Albania was officially atheistic under the very harsh regime of dictator Enver Hoxha. More trips followed till in 1987 she was blacklisted in Albania and was not allowed to come in, but God’s calling was strong and she continued to prepare, learning the language and culture and also opening an Albanian giftshop in this “Arberesh” village (Arberesh means of Albanian origin) to allow cultural exchanges with Albania. There were cultural exchanges between this village and Albania as well as Kosovo. In 1989, after the fall of the wall of Berlin, refugees started to come out of Albania by the thousands, escaping on overcrowded boats. One refugee-family lived with her till their documents for family reunion in USA were ready. Gesina tells: “The father had escaped some years earlier and had helped us with the correction and translation of the N.T. in Albanian while in a refugee camp in Italy. Having become friends, I had offered to him that if his family was amongst the refugees, they would be welcome in my house. The miracle happened and here they were!

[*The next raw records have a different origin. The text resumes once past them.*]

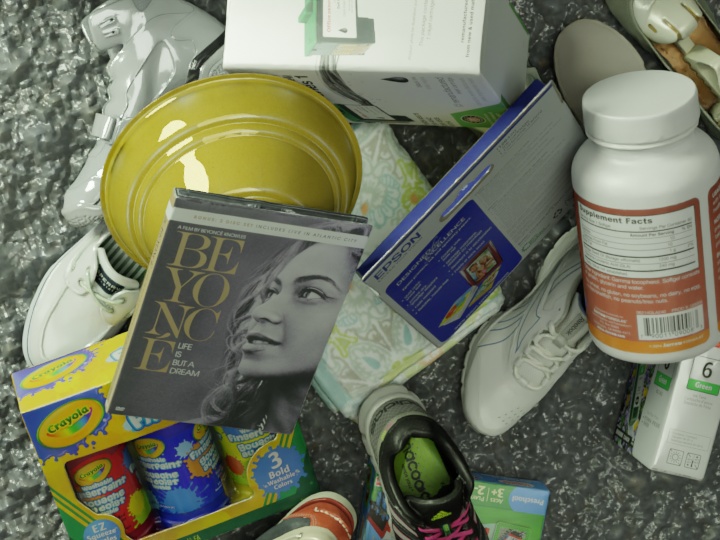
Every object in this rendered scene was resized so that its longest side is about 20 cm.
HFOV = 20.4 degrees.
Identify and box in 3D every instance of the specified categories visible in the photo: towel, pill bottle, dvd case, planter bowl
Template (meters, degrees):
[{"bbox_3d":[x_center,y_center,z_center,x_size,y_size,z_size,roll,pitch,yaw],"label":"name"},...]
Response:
[{"bbox_3d":[0.000,0.000,1.608,0.171,0.048,0.200,-37,102,-6],"label":"towel"},{"bbox_3d":[0.216,-0.041,1.496,0.111,0.112,0.201,-13,117,-8],"label":"pill bottle"},{"bbox_3d":[-0.091,0.034,1.461,0.148,0.016,0.201,8,124,-20],"label":"dvd case"},{"bbox_3d":[-0.088,-0.039,1.471,0.199,0.084,0.201,-8,131,-9],"label":"planter bowl"}]

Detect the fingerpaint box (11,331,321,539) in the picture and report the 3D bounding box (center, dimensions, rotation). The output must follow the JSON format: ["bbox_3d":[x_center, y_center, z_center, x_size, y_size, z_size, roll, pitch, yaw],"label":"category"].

He didn’t know that his little boy, who was just two months old when he left, was disabled. Steve was the first Albanian with a disability I met. I myself am disabled and had spent four years in rehab places as a child. Around me I had seen many disabilities and also what was done for them. Concepts of adaptations and integration were normal in my own life. Here was a five-year-old boy with cerebral palsy who didn’t even have a wheel chair! He would receive help once in USA, but what about people with a disability in Albania?”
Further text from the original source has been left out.